I believe with all my heart that God is deeply concerned about every Christian believer. But I am constrained to believe by the nature of the God I worship that he is also deeply concerned about every little human entity everywhere. I believe his love and compassion reach out to a starving Arab child, to a suffering Chinese dissident, to a morally and educationally deprived teenager in an American urban ghetto, and to an ordinary citizen cheated and oppressed by a greedy, profit-driven business executive. If God cares, then so must I. And my care must be translated into a struggle to change the situation and to at least bring others closer to those moral standards which should be acknowledged by the whole society.
Lippmann believed, as I do, that no free and democratic–no "good"–human society can long endure without a "mandate from heaven." When our Founding Fathers in America incorporated into the Declaration of Independence the phrase, "All men are created equal," they acknowledged that the right of every tiny human entity to life, liberty, and the pursuit of happiness is a God-given, natural right. I do not mean to say that any earthly government is a reflection of the will of God. I do not believe in the "divine right of kings", no more than I believe in the "divine right of America." What I do believe is that a good government and a good society is one which takes seriously an overarching structure of right and wrong and is not reluctant to have its actions measured by that standard.
Human equality under law and the consequent right to justice can never be demonstrated in the laboratory or by mathematical calculations. Values such as honesty, faithfulness, and integrity can never be established by public opinion polls.
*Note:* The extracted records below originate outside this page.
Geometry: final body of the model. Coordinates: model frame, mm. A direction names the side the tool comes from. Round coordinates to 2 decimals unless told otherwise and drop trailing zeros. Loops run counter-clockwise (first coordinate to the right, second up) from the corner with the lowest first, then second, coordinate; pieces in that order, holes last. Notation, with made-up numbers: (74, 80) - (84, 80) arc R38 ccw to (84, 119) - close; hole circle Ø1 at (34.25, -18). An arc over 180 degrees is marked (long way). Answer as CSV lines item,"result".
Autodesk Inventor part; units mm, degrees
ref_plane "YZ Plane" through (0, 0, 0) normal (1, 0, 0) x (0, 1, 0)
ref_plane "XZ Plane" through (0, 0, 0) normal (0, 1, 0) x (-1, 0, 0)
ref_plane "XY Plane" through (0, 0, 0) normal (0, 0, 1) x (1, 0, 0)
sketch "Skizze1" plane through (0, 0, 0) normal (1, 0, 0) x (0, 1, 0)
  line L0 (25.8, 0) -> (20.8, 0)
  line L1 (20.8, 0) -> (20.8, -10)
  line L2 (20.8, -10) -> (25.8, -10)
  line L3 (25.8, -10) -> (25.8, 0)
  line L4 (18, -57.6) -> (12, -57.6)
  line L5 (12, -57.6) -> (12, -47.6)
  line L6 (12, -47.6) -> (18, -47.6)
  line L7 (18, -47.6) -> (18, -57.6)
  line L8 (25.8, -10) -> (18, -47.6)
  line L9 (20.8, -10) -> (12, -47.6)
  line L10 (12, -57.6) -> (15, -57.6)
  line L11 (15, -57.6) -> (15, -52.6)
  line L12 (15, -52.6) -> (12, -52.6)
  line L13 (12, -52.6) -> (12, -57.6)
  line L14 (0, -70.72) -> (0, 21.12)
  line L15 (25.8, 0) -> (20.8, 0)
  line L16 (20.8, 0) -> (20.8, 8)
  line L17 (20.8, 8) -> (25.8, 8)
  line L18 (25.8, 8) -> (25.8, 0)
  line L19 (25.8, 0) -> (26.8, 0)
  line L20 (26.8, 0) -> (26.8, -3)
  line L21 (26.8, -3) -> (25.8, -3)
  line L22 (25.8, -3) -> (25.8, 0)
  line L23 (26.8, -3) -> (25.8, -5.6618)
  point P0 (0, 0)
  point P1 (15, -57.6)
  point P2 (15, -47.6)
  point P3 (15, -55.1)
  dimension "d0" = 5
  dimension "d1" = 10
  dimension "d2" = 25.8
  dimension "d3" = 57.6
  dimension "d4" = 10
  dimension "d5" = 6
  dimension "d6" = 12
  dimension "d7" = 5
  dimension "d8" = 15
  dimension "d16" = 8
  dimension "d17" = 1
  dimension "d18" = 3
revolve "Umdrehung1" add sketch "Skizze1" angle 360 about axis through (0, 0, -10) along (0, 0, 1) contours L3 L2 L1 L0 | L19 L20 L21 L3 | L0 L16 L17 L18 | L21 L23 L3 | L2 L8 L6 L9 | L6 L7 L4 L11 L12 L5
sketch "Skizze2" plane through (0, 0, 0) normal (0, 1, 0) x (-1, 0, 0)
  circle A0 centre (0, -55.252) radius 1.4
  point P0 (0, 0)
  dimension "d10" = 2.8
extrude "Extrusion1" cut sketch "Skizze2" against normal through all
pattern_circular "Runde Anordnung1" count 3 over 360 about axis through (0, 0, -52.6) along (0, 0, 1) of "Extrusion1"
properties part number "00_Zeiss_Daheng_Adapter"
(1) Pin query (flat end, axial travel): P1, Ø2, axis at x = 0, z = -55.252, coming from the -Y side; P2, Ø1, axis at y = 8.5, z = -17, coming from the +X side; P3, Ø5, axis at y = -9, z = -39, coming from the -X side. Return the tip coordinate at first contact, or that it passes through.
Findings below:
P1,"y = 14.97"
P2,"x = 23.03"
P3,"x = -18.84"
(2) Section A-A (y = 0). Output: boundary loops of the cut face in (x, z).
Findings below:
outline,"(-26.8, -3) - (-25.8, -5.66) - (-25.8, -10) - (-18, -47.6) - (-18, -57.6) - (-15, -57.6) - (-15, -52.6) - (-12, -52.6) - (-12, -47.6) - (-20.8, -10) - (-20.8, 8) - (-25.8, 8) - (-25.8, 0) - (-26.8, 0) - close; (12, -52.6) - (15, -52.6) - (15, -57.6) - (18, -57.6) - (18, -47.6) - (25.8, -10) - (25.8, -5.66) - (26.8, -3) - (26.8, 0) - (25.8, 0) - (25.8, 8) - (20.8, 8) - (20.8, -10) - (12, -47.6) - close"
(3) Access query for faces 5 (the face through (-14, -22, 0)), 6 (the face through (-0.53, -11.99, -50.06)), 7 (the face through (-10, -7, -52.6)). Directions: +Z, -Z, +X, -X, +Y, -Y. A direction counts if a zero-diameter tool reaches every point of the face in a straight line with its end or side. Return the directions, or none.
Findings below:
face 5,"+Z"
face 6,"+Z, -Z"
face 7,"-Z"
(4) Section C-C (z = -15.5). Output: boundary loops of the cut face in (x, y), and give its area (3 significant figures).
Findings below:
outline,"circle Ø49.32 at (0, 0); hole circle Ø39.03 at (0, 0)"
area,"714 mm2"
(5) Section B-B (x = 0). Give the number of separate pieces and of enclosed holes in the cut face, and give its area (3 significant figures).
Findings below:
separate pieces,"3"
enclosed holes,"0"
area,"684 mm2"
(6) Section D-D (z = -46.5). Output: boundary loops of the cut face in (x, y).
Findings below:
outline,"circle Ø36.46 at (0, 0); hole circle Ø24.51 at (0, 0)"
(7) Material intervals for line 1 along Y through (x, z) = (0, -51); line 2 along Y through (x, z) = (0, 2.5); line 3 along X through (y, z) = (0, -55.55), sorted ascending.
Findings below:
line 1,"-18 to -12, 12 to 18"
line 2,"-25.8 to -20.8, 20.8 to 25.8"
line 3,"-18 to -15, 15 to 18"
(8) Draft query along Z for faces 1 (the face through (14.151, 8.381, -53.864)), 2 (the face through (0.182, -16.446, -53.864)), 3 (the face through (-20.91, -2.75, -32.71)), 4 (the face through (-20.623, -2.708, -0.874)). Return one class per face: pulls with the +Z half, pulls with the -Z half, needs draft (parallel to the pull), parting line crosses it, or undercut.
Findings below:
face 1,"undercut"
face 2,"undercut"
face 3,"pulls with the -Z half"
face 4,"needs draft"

These values are derived from the realm of essence. In Christian terms they are "God-given." The truth of that proposition is our legacy of centuries of human struggle, our "traditions of civility."
I believe that the greatest moral and ethical challenge of our day is not that of any particular moral issue or evil, important as it may be. Our challenge is to re-establish, reinforce, and undergird the public philosophy. That task cannot be accomplished by force or by direction from "the powers that be" in earthly terms. No amendment to the U.S. Constitution declaring us to be a "Christian" nation will make one whit of difference. The task can only be accomplished by persons of faith and good will–politicians, educators, business men and women, working people, all of us–sounding out loud and clear our testimony and our witness.
Christians, now as always, have a major role to play. We are called to that task as surely as any minister or missionary is called to his or her vocation. To fail to respond to the challenge, to shrug off its imperative importance, is, in the deepest and most meaningful sense of the Christian term, blasphemy.